As the campaign develops it will be particularly interesting to track the existence of sub-communities for a couple of reasons. First, having distinct communities in a communication network like this one suggests there is disparity in the messages different politically engaged individuals are receiving and sending. Second, noting which accounts are linking these groups can help us understand who is talking about who. If journalists are the connectors between two parties we might guess it is a matter of giving equal publicity to each party. On the other hand if it is a party connecting to an opponent we might explore the content of their communication to see if they are collaborating, debating, or perhaps attacking the other.

Political communication, particularly on Twitter, is not just about the message or even the sender and receiver, it is about the interaction. It will be interesting to see just how that interaction develops over the course of the campaign.

More blog post about this election will be forthcoming. Stay tuned for our regular updates and analysis of the #NSPoli Twitter community during this provincial election cycle.

Written by Elizabeth Dubois (@lizdubois) with contribution from Anatoliy Gruzd (@dalprof) and Philip Mai (@phmai).


6 thoughts on “Who is #NSpoli? [Social Media Lab blog]

  1. Just Sayin' says:

    Keep in mind that many NDPers use multiple twitter accounts thereby increased the perceived user of the #nspoli hashtag.

  2. imaddicted2u says:

    One thing this software doesn’t and can’t consider in it’s analysis is the use, by many individuals, of multiple twitter handles/user accounts. The other issue becomes the use of bots or scheduling the same tweets to be time after time. These things tend to skew the results.
    For instance, a twitter user had tweets auto scheduled and repeated regularly about Trevor Zinck and Percy Paris, his were the only tweets about those two people thus the results of the analysis have been adversely affected.
    The same goes for the NDP tweets, they have multiple users, using multiple twitter accounts tweeting and retweeting tweets. This makes it appear as though there is a larger community of NDP supporting twitterers than there actually are.

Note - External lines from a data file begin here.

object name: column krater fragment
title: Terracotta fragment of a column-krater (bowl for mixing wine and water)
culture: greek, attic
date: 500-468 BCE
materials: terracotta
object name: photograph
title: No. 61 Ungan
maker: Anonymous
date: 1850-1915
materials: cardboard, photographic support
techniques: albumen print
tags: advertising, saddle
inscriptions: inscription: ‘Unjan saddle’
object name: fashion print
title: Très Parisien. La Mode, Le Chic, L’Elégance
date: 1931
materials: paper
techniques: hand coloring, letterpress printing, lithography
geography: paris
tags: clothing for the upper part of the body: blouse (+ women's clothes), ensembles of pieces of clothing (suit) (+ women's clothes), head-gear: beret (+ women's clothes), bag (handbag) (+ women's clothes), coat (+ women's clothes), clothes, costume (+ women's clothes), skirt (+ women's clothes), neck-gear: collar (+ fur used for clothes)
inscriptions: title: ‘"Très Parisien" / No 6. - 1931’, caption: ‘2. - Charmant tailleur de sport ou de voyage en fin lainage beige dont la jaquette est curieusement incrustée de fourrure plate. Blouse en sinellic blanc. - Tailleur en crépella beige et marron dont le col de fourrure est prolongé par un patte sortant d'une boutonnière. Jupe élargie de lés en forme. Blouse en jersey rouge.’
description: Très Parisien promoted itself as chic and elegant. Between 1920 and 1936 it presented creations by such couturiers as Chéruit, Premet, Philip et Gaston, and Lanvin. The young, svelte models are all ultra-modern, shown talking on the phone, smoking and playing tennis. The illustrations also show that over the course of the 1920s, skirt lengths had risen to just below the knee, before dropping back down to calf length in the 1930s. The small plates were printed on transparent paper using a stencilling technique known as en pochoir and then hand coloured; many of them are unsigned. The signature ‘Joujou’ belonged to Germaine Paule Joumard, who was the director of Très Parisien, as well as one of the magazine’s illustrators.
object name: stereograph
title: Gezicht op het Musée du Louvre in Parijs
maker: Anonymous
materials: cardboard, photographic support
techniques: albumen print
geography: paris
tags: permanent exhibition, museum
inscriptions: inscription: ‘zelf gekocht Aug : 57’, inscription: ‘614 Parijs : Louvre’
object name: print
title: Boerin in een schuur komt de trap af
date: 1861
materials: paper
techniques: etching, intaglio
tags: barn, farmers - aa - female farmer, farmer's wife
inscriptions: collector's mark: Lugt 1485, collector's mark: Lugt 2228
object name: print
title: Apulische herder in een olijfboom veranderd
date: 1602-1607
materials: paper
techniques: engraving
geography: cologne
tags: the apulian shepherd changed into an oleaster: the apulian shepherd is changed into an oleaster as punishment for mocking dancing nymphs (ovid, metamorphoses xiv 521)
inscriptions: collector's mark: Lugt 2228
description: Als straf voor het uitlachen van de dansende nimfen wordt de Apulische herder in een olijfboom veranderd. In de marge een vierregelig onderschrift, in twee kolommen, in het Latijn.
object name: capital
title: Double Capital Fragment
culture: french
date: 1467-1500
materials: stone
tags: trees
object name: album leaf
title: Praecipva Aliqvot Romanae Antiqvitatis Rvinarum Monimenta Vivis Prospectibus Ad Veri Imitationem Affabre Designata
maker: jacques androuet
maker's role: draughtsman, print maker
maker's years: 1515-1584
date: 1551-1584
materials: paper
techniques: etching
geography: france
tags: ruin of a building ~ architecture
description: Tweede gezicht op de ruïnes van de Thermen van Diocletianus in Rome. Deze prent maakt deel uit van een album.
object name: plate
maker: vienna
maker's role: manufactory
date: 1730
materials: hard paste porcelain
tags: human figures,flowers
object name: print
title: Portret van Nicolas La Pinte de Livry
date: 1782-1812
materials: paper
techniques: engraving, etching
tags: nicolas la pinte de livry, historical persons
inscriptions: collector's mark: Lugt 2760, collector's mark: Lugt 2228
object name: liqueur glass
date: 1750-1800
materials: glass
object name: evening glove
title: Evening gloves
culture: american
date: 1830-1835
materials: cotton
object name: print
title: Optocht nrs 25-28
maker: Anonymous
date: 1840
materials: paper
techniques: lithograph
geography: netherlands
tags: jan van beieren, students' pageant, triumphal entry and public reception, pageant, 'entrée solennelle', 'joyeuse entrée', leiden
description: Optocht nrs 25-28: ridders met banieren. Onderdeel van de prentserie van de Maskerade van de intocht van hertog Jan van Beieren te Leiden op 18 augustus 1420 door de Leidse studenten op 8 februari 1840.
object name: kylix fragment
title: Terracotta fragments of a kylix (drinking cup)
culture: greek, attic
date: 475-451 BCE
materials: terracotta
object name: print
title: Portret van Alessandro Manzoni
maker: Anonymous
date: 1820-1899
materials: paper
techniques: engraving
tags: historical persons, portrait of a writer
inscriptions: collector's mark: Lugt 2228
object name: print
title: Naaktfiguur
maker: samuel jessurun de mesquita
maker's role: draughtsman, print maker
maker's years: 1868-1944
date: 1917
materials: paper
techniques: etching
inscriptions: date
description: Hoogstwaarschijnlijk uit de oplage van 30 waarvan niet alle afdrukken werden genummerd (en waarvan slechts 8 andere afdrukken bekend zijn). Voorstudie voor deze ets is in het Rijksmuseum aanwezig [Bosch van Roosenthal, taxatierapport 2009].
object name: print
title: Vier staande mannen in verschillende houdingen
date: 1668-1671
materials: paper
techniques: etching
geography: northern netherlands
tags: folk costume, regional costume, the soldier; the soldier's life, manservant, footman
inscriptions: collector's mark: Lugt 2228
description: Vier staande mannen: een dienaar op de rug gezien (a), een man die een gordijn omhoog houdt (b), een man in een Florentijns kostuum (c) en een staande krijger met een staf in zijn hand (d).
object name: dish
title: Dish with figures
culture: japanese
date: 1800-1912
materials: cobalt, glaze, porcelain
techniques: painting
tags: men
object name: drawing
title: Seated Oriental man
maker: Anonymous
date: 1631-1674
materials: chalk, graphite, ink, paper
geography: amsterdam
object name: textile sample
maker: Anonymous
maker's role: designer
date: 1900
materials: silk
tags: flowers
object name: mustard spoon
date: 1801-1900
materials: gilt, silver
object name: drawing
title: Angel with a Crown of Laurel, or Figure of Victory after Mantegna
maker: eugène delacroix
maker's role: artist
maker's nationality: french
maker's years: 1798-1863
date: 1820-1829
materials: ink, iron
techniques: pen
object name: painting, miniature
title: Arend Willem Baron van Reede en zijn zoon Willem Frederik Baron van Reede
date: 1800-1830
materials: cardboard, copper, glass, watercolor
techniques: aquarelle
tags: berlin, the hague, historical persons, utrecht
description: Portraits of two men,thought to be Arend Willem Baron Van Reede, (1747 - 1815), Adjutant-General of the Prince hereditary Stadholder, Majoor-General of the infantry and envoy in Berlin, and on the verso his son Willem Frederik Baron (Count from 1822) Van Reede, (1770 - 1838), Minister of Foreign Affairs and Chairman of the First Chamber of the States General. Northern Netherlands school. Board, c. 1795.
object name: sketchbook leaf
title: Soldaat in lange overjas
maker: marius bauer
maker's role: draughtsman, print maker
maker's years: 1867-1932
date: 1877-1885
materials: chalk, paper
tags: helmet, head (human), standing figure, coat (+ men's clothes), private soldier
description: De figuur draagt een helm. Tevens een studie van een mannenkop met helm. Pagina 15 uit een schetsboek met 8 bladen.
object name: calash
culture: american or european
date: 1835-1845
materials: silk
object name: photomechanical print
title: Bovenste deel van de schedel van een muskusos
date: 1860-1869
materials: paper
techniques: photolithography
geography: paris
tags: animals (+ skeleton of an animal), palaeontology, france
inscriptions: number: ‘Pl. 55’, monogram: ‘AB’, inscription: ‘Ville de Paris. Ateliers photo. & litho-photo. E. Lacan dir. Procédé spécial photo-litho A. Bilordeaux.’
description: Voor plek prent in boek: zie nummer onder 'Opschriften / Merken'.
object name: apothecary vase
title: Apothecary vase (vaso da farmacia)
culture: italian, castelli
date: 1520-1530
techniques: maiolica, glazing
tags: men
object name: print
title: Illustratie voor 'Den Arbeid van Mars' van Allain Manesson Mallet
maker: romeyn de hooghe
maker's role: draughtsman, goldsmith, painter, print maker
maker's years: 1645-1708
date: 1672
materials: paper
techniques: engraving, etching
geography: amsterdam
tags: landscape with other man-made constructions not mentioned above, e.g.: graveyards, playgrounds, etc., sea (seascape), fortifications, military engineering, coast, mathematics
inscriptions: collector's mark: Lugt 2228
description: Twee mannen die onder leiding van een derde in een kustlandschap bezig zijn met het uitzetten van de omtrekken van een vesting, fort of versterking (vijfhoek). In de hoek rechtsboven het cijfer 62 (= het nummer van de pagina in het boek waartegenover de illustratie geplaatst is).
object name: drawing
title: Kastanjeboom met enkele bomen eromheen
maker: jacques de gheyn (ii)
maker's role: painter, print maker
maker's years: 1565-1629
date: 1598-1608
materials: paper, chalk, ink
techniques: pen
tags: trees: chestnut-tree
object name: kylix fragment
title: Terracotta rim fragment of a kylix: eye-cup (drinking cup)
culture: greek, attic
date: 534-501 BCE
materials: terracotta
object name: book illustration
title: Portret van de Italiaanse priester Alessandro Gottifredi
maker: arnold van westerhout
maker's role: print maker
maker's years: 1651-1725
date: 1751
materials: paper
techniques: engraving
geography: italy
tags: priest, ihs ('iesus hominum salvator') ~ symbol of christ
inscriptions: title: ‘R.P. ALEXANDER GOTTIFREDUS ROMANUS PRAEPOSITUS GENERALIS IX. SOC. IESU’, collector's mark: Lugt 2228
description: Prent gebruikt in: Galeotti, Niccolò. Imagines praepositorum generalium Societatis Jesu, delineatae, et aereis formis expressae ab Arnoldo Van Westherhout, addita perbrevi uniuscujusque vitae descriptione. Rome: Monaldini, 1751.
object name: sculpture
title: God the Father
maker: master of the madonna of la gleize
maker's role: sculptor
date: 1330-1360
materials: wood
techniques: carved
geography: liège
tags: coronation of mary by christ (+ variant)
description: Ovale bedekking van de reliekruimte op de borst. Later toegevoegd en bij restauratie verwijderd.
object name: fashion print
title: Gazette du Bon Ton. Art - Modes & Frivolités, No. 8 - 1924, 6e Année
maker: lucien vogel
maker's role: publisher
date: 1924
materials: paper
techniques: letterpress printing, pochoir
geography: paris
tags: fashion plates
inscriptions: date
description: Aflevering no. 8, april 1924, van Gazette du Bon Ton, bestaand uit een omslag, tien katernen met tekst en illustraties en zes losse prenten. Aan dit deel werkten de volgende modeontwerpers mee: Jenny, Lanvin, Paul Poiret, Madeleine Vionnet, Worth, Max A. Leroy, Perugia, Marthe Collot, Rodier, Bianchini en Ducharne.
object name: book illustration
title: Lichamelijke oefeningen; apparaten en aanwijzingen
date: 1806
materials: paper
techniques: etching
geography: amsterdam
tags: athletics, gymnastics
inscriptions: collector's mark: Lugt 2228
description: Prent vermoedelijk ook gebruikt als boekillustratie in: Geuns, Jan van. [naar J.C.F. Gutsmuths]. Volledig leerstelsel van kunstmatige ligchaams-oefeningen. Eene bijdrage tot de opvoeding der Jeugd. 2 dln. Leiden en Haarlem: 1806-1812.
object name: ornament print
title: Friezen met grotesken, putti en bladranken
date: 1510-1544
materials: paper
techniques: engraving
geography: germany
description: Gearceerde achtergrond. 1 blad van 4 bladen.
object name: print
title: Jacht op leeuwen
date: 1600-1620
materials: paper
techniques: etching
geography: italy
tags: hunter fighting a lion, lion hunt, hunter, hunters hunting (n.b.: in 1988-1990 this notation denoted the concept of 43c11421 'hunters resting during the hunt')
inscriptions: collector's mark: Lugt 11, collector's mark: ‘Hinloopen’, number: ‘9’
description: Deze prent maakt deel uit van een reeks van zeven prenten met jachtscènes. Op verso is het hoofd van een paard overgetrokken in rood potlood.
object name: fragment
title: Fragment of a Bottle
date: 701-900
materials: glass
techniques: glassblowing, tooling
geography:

    • Elizabeth Dubois says:

      That is an important point. When we talk about “nodes” in these graphs we are talking about unique Twitter accounts. We are not talking about individual voters. This means we have organizations, non-Nova Scotians, bots, multiple accounts run by the same person or groups of people, and other combinations all playing a role in this community. This, I’d argue, shouldn’t be thought of as a weakness or bias but instead as contextualizing information. It tells us something important about what our political media environment is and that can better equip us to engage with it. A final note, Netlytic may not have an automatic bot detection system (and they do exist to some extent) but the important part to remember is Netlytic requires a user to interpret the information it spits out – the danger with automated analysis is always forgetting the role of the researcher – it is very intentional that these results are posted in researcher-written blog format and not simply as a dump of graphs.

  3. Marie says:

    How many real people does this actually represent, or what audience does this actually get to? Beyond a bunch of political people talking to and about each other and the media watching it? It seems to just be a bunch of self appointed (And actually appointed) spinners feeding off of each other with little meaningful value in real voter terms. Doesn’t that cause a dubious and misleading representation of what’s going on, and a “circlejerk” of banter that until Twitter-era was present anyway, but limited to back rooms? This just doesn’t seem to have any real relevance to real people aside from aiming to convince political reporters of the relevance of the message they are pushing, and of reporters convincing themselves of it based on their need to report on something… anything just to fill the feed.